Your task:
Would you please set down the lines of the data from the one containing "text Kennisgeving ontvangst" to the final line, exactly and only those?

---------- Supplied entries ----------

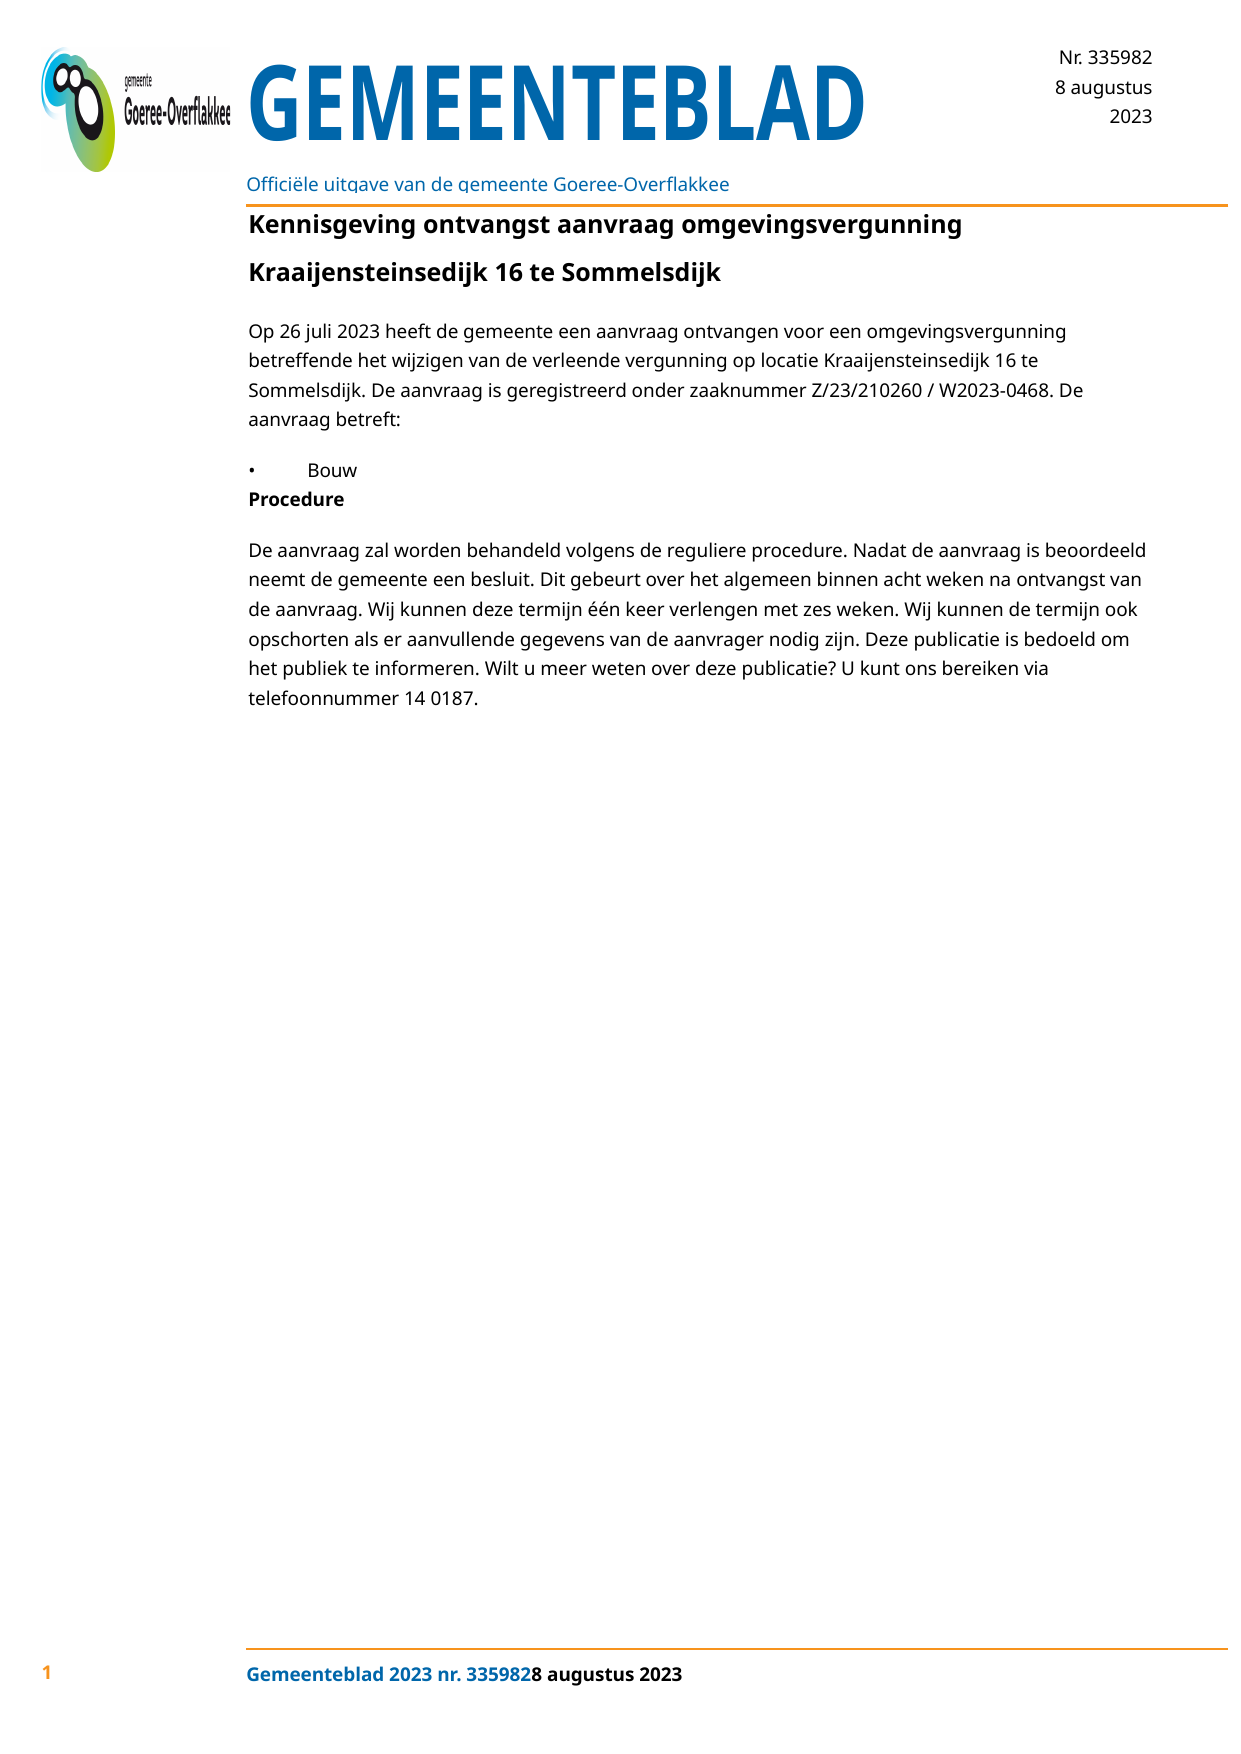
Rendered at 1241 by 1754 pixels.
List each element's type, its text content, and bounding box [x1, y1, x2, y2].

text De aanvraag zal worden behandeld volgens de reguliere procedure. Nadat de aanvraag is beoordeeld neemt de gemeente een besluit. Dit gebeurt over het algemeen binnen acht weken na ontvangst van de aanvraag. Wij kunnen deze termijn één keer verlengen met zes weken. Wij kunnen de termijn ook opschorten als er aanvullende gegevens van de aanvrager nodig zijn. Deze publicatie is bedoeld om het publiek te informeren. Wilt u meer weten over deze publicatie? U kunt ons bereiken via telefoonnummer 14 0187. [248, 537, 1152, 711]
text Op 26 juli 2023 heeft de gemeente een aanvraag ontvangen voor een omgevingsvergunning betreffende het wijzigen van de verleende vergunning op locatie Kraaijensteinsedijk 16 te Sommelsdijk. De aanvraag is geregistreerd onder zaaknummer Z/23/210260 / W2023-0468. De aanvraag betreft: [248, 318, 1152, 432]
picture [41, 47, 231, 172]
text Procedure [248, 487, 1152, 512]
text Kennisgeving ontvangst aanvraag omgevingsvergunning Kraaijensteinsedijk 16 te Sommelsdijk [248, 207, 1152, 288]
list Bouw [248, 457, 1152, 483]

----------

Solution for this exercise:
text Kennisgeving ontvangst aanvraag omgevingsvergunning Kraaijensteinsedijk 16 te Sommelsdijk [248, 207, 1152, 288]
list Bouw [248, 457, 1152, 483]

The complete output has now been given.